◆ DATASET ENTRIES ◆
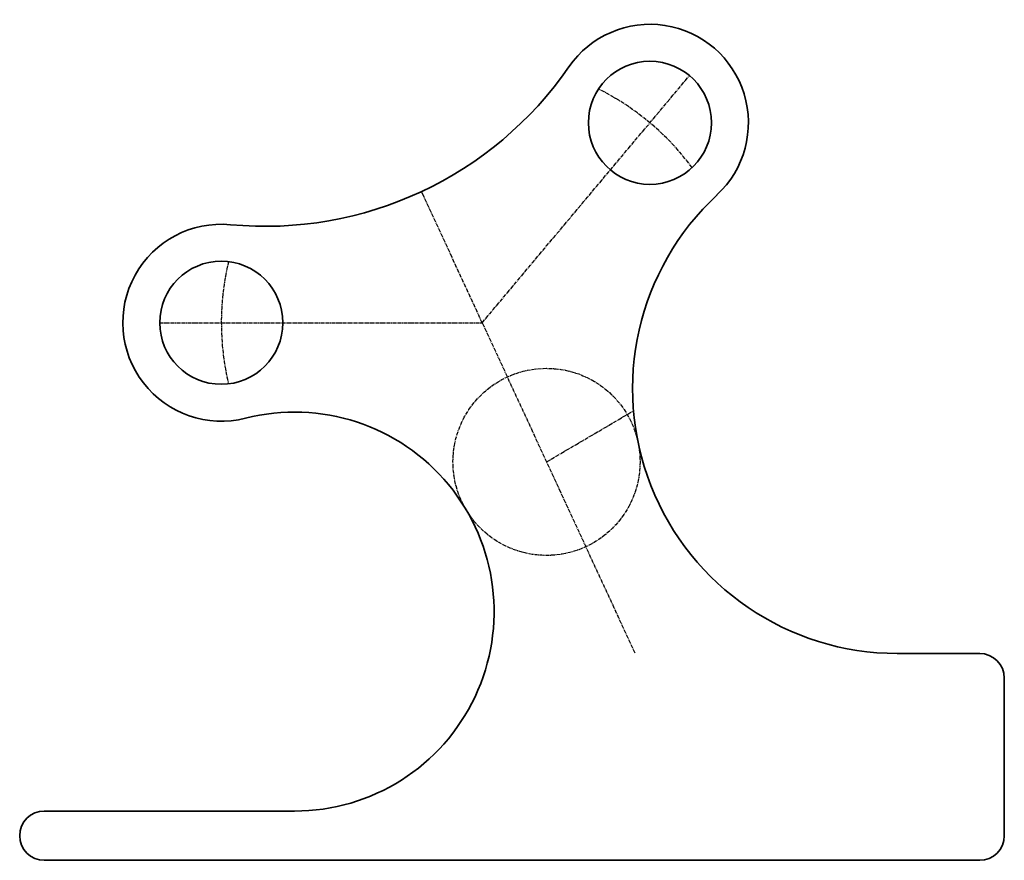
# Model space of a CAD drawing. Header units: inches. Extents: x -47 to 153, y -101 to 69.
import ezdxf

# ---------------------------------------------------------------- set-up
doc = ezdxf.new("R2010")
doc.units = ezdxf.units.IN
doc.header["$MEASUREMENT"] = 0
doc.linetypes.add('CENTER2', pattern=[1.125, 0.75, -0.125, 0.125, -0.125])
doc.layers.add('axe', color=22, linetype='CENTER2')
doc.layers.add('contour', color=255, linetype='Continuous', lineweight=35)
doc.layers.add('cotation', color=70, linetype='Continuous', lineweight=35)

# ---------------------------------------------------------------- blocks, each defined once
blk = doc.blocks.new('a')
at = {"layer": 'axe'}
for p, q in [((0, 0), (42.1, 50.18)), ((0, 0), (-12.32, 26.65)), ((-65.5, 0), (0, 0)), ((0, 0), (31.05, -67.17)), ((13.06, -28.26), (30.72, -17.89))]:
    blk.add_line(p, q, dxfattribs=at)
blk.add_circle((13.06, -28.26), 19, dxfattribs=at)
for start, end in [(36.4544, 63.5437), (166.4553, 193.5447)]:
    blk.add_arc((0, 0), 53, start, end, dxfattribs=at)
at = {"layer": 'contour'}
for p, q in [((84.29, -67.17), (101.05, -67.17)), ((106.05, -72.17), (106.05, -104.17)), ((-88.95, -99.17), (-38.11, -99.17)), ((-88.95, -109.17), (101.05, -109.17))]:
    blk.add_line(p, q, dxfattribs=at)
for centre in [(34.07, 40.6), (-53, 0)]:
    blk.add_circle(centre, 12.5, dxfattribs=at)
for centre, radius, start, end in [((34.07, 40.6), 20, 312.9128, 145.3725), ((-44.1, 94.58), 75, 264.6266, 325.3725), ((84.29, -13.42), 53.75, 132.9128, 270), ((-53, 0), 20, 84.6266, 284.2466), ((-38.11, -58.66), 40.52, 270, 104.2466), ((101.05, -72.17), 5, 0, 90), ((-88.95, -104.17), 5, 90, 270), ((101.05, -104.17), 5, 270, 0)]:
    blk.add_arc(centre, radius, start, end, dxfattribs=at)

msp = doc.modelspace()

# ---------------------------------------------------------------- block references
at = {"layer": 'cotation'}
msp.add_blockref('a', (46.69, 7.71), dxfattribs=at)

doc.saveas('drawing.dxf')
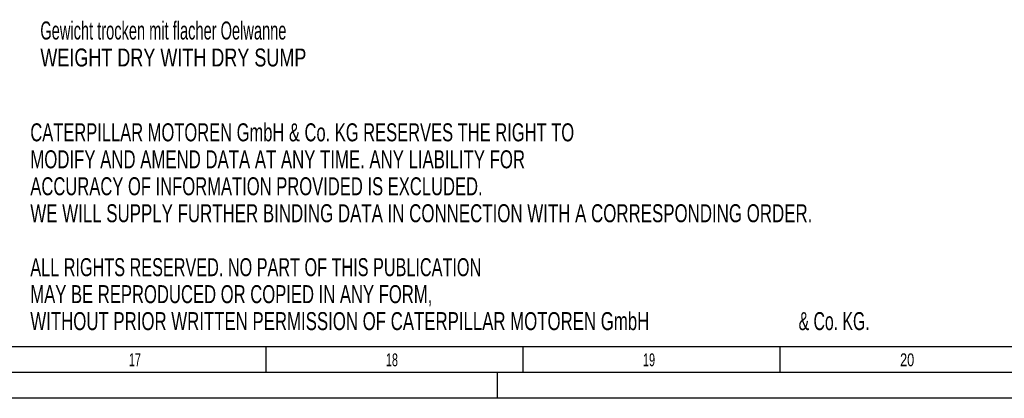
# Model space of a CAD drawing. Header units: millimetres. Extents: x 0 to 1189, y 0 to 841.
# Tile 66 of 118: x 797 to 988, y 0 to 74. Entities that reach past the tile are written whole.
import ezdxf

# ---------------------------------------------------------------- set-up
doc = ezdxf.new("R2010")
doc.units = ezdxf.units.MM
doc.header["$LTSCALE"] = 65.395
doc.layers.get('0').update_dxf_attribs({"linetype": 'CONTINUOUS'})
doc.styles.get("Standard").update_dxf_attribs({"font": 'txt', "width": 0.6})
doc.styles.add('TEXTSTYLE_2', font='txt')

msp = doc.modelspace()

# ---------------------------------------------------------------- linework, layer by layer
at = {"color": 5, "linetype": 'CONTINUOUS'}
for p, q in [((1179, 10), (10, 10)), ((844.5, 5), (844.5, 10)), ((894.5, 5), (894.5, 10)), ((944.5, 5), (944.5, 10)), ((889.5, 0), (889.5, 5)), ((1189, 0), (0, 0))]:
    msp.add_line(p, q, dxfattribs=at)
at = {"color": 6, "linetype": 'CONTINUOUS'}
msp.add_line((1184, 5), (5, 5), dxfattribs=at)

# ---------------------------------------------------------------- texts
at = {"color": 2, "linetype": 'CONTINUOUS'}
for s, width, p in [('Gewicht trocken mit flacher Oelwanne', 0.607143, (800.60009, 69.84455)), ('WEIGHT DRY WITH DRY SUMP', 0.748016, (800.60009, 64.59455)), ('CATERPILLAR MOTOREN GmbH & Co. KG RESERVES THE RIGHT TO ', 0.685799, (798.65063, 50.02856)), ('MODIFY AND AMEND DATA AT ANY TIME. ANY LIABILITY FOR ', 0.696765, (798.65063, 44.77856)), ('ACCURACY OF INFORMATION PROVIDED IS EXCLUDED. ', 0.688923, (798.65063, 39.52856)), ('WE WILL SUPPLY FURTHER BINDING DATA IN CONNECTION WITH A CORRESPONDING ORDER.', 0.701299, (798.65063, 34.27856)), ('ALL RIGHTS RESERVED. NO PART OF THIS PUBLICATION ', 0.674441, (798.65063, 23.77856)), ('MAY BE REPRODUCED OR COPIED IN ANY FORM, ', 0.691057, (798.65063, 18.52856)), ('WITHOUT PRIOR WRITTEN PERMISSION OF CATERPILLAR MOTOREN GmbH ', 0.698283, (798.65063, 13.27856)), ('& Co. KG.', 0.656085, (948.06729, 13.27856))]:
    msp.add_text(s, height=3.5, dxfattribs=dict(at, width=width)).set_placement(p)
at = {"color": 5, "linetype": 'CONTINUOUS', "style": 'TEXTSTYLE_2'}
for s, width, p in [('17', 0.630952, (817.806, 6.248)), ('18', 0.630952, (867.806, 6.248)), ('19', 0.630952, (917.806, 6.248)), ('20', 0.738095, (967.806, 6.248))]:
    msp.add_text(s, height=2.50001, dxfattribs=dict(at, width=width)).set_placement(p)

doc.saveas('drawing.dxf')

◆ WHAT YOU HAVE TO DO ◆
Omit any images, then output the listing exactly.

◆ SOLVED PROBLEM ◆
# Model space of a CAD drawing. Header units: inches. Extents: x -47 to 153, y -101 to 69.
import ezdxf

# ---------------------------------------------------------------- set-up
doc = ezdxf.new("R2010")
doc.units = ezdxf.units.IN
doc.header["$MEASUREMENT"] = 0
doc.linetypes.add('CENTER2', pattern=[1.125, 0.75, -0.125, 0.125, -0.125])
doc.layers.add('axe', color=22, linetype='CENTER2')
doc.layers.add('contour', color=255, linetype='Continuous', lineweight=35)
doc.layers.add('cotation', color=70, linetype='Continuous', lineweight=35)

# ---------------------------------------------------------------- blocks, each defined once
blk = doc.blocks.new('a')
at = {"layer": 'axe'}
for p, q in [((0, 0), (42.1, 50.18)), ((0, 0), (-12.32, 26.65)), ((-65.5, 0), (0, 0)), ((0, 0), (31.05, -67.17)), ((13.06, -28.26), (30.72, -17.89))]:
    blk.add_line(p, q, dxfattribs=at)
blk.add_circle((13.06, -28.26), 19, dxfattribs=at)
for start, end in [(36.4544, 63.5437), (166.4553, 193.5447)]:
    blk.add_arc((0, 0), 53, start, end, dxfattribs=at)
at = {"layer": 'contour'}
for p, q in [((84.29, -67.17), (101.05, -67.17)), ((106.05, -72.17), (106.05, -104.17)), ((-88.95, -99.17), (-38.11, -99.17)), ((-88.95, -109.17), (101.05, -109.17))]:
    blk.add_line(p, q, dxfattribs=at)
for centre in [(34.07, 40.6), (-53, 0)]:
    blk.add_circle(centre, 12.5, dxfattribs=at)
for centre, radius, start, end in [((34.07, 40.6), 20, 312.9128, 145.3725), ((-44.1, 94.58), 75, 264.6266, 325.3725), ((84.29, -13.42), 53.75, 132.9128, 270), ((-53, 0), 20, 84.6266, 284.2466), ((-38.11, -58.66), 40.52, 270, 104.2466), ((101.05, -72.17), 5, 0, 90), ((-88.95, -104.17), 5, 90, 270), ((101.05, -104.17), 5, 270, 0)]:
    blk.add_arc(centre, radius, start, end, dxfattribs=at)

msp = doc.modelspace()

# ---------------------------------------------------------------- block references
at = {"layer": 'cotation'}
msp.add_blockref('a', (46.69, 7.71), dxfattribs=at)

doc.saveas('drawing.dxf')
# Model space of a CAD drawing. Header units: millimetres. Extents: x 0 to 1189, y 0 to 841.
# Tile 66 of 118: x 797 to 988, y 0 to 74. Entities that reach past the tile are written whole.
import ezdxf

# ---------------------------------------------------------------- set-up
doc = ezdxf.new("R2010")
doc.units = ezdxf.units.MM
doc.header["$LTSCALE"] = 65.395
doc.layers.get('0').update_dxf_attribs({"linetype": 'CONTINUOUS'})
doc.styles.get("Standard").update_dxf_attribs({"font": 'txt', "width": 0.6})
doc.styles.add('TEXTSTYLE_2', font='txt')

msp = doc.modelspace()

# ---------------------------------------------------------------- linework, layer by layer
at = {"color": 5, "linetype": 'CONTINUOUS'}
for p, q in [((1179, 10), (10, 10)), ((844.5, 5), (844.5, 10)), ((894.5, 5), (894.5, 10)), ((944.5, 5), (944.5, 10)), ((889.5, 0), (889.5, 5)), ((1189, 0), (0, 0))]:
    msp.add_line(p, q, dxfattribs=at)
at = {"color": 6, "linetype": 'CONTINUOUS'}
msp.add_line((1184, 5), (5, 5), dxfattribs=at)

# ---------------------------------------------------------------- texts
at = {"color": 2, "linetype": 'CONTINUOUS'}
for s, width, p in [('Gewicht trocken mit flacher Oelwanne', 0.607143, (800.60009, 69.84455)), ('WEIGHT DRY WITH DRY SUMP', 0.748016, (800.60009, 64.59455)), ('CATERPILLAR MOTOREN GmbH & Co. KG RESERVES THE RIGHT TO ', 0.685799, (798.65063, 50.02856)), ('MODIFY AND AMEND DATA AT ANY TIME. ANY LIABILITY FOR ', 0.696765, (798.65063, 44.77856)), ('ACCURACY OF INFORMATION PROVIDED IS EXCLUDED. ', 0.688923, (798.65063, 39.52856)), ('WE WILL SUPPLY FURTHER BINDING DATA IN CONNECTION WITH A CORRESPONDING ORDER.', 0.701299, (798.65063, 34.27856)), ('ALL RIGHTS RESERVED. NO PART OF THIS PUBLICATION ', 0.674441, (798.65063, 23.77856)), ('MAY BE REPRODUCED OR COPIED IN ANY FORM, ', 0.691057, (798.65063, 18.52856)), ('WITHOUT PRIOR WRITTEN PERMISSION OF CATERPILLAR MOTOREN GmbH ', 0.698283, (798.65063, 13.27856)), ('& Co. KG.', 0.656085, (948.06729, 13.27856))]:
    msp.add_text(s, height=3.5, dxfattribs=dict(at, width=width)).set_placement(p)
at = {"color": 5, "linetype": 'CONTINUOUS', "style": 'TEXTSTYLE_2'}
for s, width, p in [('17', 0.630952, (817.806, 6.248)), ('18', 0.630952, (867.806, 6.248)), ('19', 0.630952, (917.806, 6.248)), ('20', 0.738095, (967.806, 6.248))]:
    msp.add_text(s, height=2.50001, dxfattribs=dict(at, width=width)).set_placement(p)

doc.saveas('drawing.dxf')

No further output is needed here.